John Agar, who once made John Ford movies like Fort Apache, is the hero.  The animators are Wah Chang and Jim Danforth once again, but I suspect both were pleased to go uncredited.

7 FACES OF DR. LAO (1964)

Tony Randall, before playing Felix on The Odd Couple TV show, played the cheerfully enigmatic Confucian magician Dr. Lao in this underrated George Pal production.

Lao assumes different forms to impart different lessons to the various people he meets in an Old West town.  It’s probably Pal’s most imaginative film.

Randall, with some weird makeup, gets combined with stop-motion beast features when he takes different forms.  At one point he conjures a fierce medusa that anticipates Harryhausen’s Medusa from Clash of the Titans.

Wah Chang and Jim Danforth, with several helpers, did the animation and effects.

MAD MONSTER PARTY? (1967)

Unlike all other movies on our list, Mad Monster Party? is stop-motion start to finish.  It’s a quirky and sometimes twisted parody of classic monster films, with a stop-motion Dracula, Frankenstein, Dr.
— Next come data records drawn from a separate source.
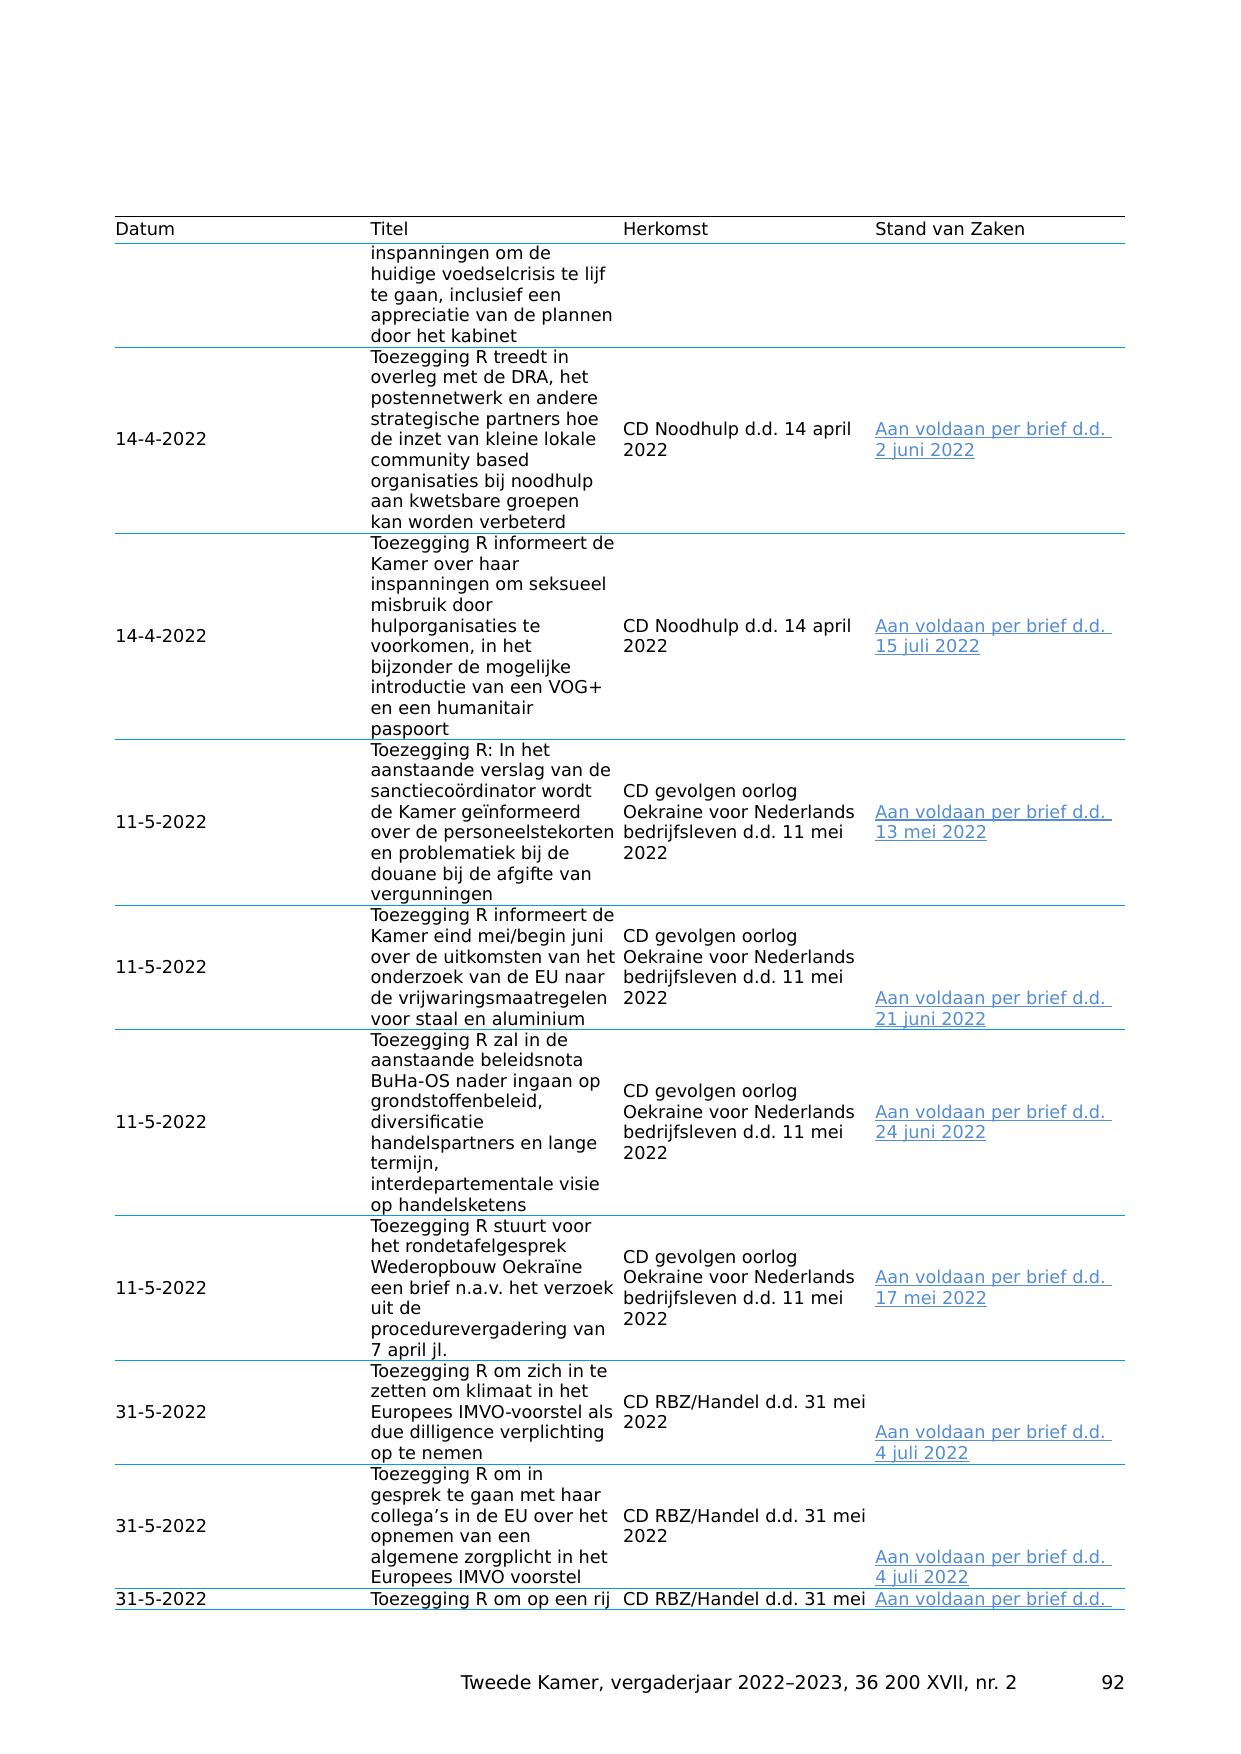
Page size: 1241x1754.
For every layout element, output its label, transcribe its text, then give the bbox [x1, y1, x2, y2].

table_cell Aan voldaan per brief d.d. 21 juni 2022 [872, 906, 1125, 1029]
table_cell 14-4-2022 [115, 534, 367, 739]
table_cell Toezegging R stuurt voor het rondetafelgesprek Wederopbouw Oekraïne een brief n.a.v. het verzoek uit de procedurevergadering van 7 april jl. [368, 1216, 620, 1360]
table_cell 11-5-2022 [115, 906, 367, 1029]
table_cell CD gevolgen oorlog Oekraine voor Nederlands bedrijfsleven d.d. 11 mei 2022 [620, 1216, 872, 1360]
table_cell Toezegging R informeert de Kamer over haar inspanningen om seksueel misbruik door hulporganisaties te voorkomen, in het bijzonder de mogelijke introductie van een VOG+ en een humanitair paspoort [368, 534, 620, 739]
table_cell Titel [368, 217, 620, 243]
table_cell 11-5-2022 [115, 1030, 367, 1215]
table_cell Toezegging R: In het aanstaande verslag van de sanctiecoördinator wordt de Kamer geïnformeerd over de personeelstekorten en problematiek bij de douane bij de afgifte van vergunningen [368, 740, 620, 905]
table_cell Toezegging R informeert de Kamer eind mei/begin juni over de uitkomsten van het onderzoek van de EU naar de vrijwaringsmaatregelen voor staal en aluminium [368, 906, 620, 1029]
table_cell Aan voldaan per brief d.d. 13 mei 2022 [872, 740, 1125, 905]
table_cell 31-5-2022 [115, 1361, 367, 1464]
table_cell Stand van Zaken [872, 217, 1125, 243]
table_cell CD RBZ/Handel d.d. 31 mei 2022 [620, 1465, 872, 1588]
table_cell Aan voldaan per brief d.d. [872, 1589, 1125, 1609]
table_cell [872, 244, 1125, 346]
table_cell Aan voldaan per brief d.d. 24 juni 2022 [872, 1030, 1125, 1215]
table_cell CD gevolgen oorlog Oekraine voor Nederlands bedrijfsleven d.d. 11 mei 2022 [620, 1030, 872, 1215]
table_cell 11-5-2022 [115, 1216, 367, 1360]
table_cell Toezegging R zal in de aanstaande beleidsnota BuHa-OS nader ingaan op grondstoffenbeleid, diversificatie handelspartners en lange termijn, interdepartementale visie op handelsketens [368, 1030, 620, 1215]
table_cell 31-5-2022 [115, 1465, 367, 1588]
table_cell 31-5-2022 [115, 1589, 367, 1609]
table_cell Toezegging R om zich in te zetten om klimaat in het Europees IMVO-voorstel als due dilligence verplichting op te nemen [368, 1361, 620, 1464]
table_cell 14-4-2022 [115, 348, 367, 532]
table_cell Toezegging R treedt in overleg met de DRA, het postennetwerk en andere strategische partners hoe de inzet van kleine lokale community based organisaties bij noodhulp aan kwetsbare groepen kan worden verbeterd [368, 348, 620, 532]
table_cell Aan voldaan per brief d.d. 4 juli 2022 [872, 1361, 1125, 1464]
table_cell Herkomst [620, 217, 872, 243]
table_cell Aan voldaan per brief d.d. 17 mei 2022 [872, 1216, 1125, 1360]
table_cell Datum [115, 217, 367, 243]
table_cell inspanningen om de huidige voedselcrisis te lijf te gaan, inclusief een appreciatie van de plannen door het kabinet [368, 244, 620, 346]
table_cell CD Noodhulp d.d. 14 april 2022 [620, 534, 872, 739]
table_cell Aan voldaan per brief d.d. 15 juli 2022 [872, 534, 1125, 739]
table_cell CD Noodhulp d.d. 14 april 2022 [620, 348, 872, 532]
table_cell CD gevolgen oorlog Oekraine voor Nederlands bedrijfsleven d.d. 11 mei 2022 [620, 906, 872, 1029]
table_cell 11-5-2022 [115, 740, 367, 905]
table_cell Aan voldaan per brief d.d. 2 juni 2022 [872, 348, 1125, 532]
table_cell Toezegging R om op een rij [368, 1589, 620, 1609]
table_cell CD RBZ/Handel d.d. 31 mei [620, 1589, 872, 1609]
table_cell CD gevolgen oorlog Oekraine voor Nederlands bedrijfsleven d.d. 11 mei 2022 [620, 740, 872, 905]
table_cell Aan voldaan per brief d.d. 4 juli 2022 [872, 1465, 1125, 1588]
table_header Tabel 26 Door bewindslieden gedane toezeggingen, parlementaire jaar 2021-2022 [115, 191, 1125, 216]
table_cell [620, 244, 872, 346]
table_cell [115, 244, 367, 346]
table_cell Toezegging R om in gesprek te gaan met haar collega’s in de EU over het opnemen van een algemene zorgplicht in het Europees IMVO voorstel [368, 1465, 620, 1588]
table_cell CD RBZ/Handel d.d. 31 mei 2022 [620, 1361, 872, 1464]

Jekyll, Creature from the Black Lagoon, and more, even an Invisible Man and a Blob.

It’s an early Rankin/Bass production before the duo made Frosty the Snowman, The Hobbit, The Last Unicorn, Thundercats, and everything else.

It looks like it’s for kids, but only adults (especially adult monster movie fans) will get the references.  Boris Karloff plays “Boris von Frankenstein.”

The top credited animator is Tadahito Mochinaga who also co-created Rudolph the Red-Nosed Reindeer from the 1964 TV special.

THE EQUINOX (1967/1970)

Producer Jack H. Harris (most famous for The Blob and still alive, as I write in summer 2015, at age 96) refashioned this one in 1970, but the raw student-made 1967 version is better.

Actually both versions are good, since they both feature three amazing stop-motion sequences where the young protagonists encounter monsters from another dimension: a tentacle beast, a gorilla beast, and a red devil.

The whole film is tense, but the extended stop-motion sequences are the main draw.

Jim Danforth, the veteran animator of the group, had worked on 7 Faces of Dr. Lao.  He worked with co-animator Dave (“David W.”) Allen on Flesh Gordon a few years later.  Dennis Muren, the co-director, later worked on Star Wars and E.T.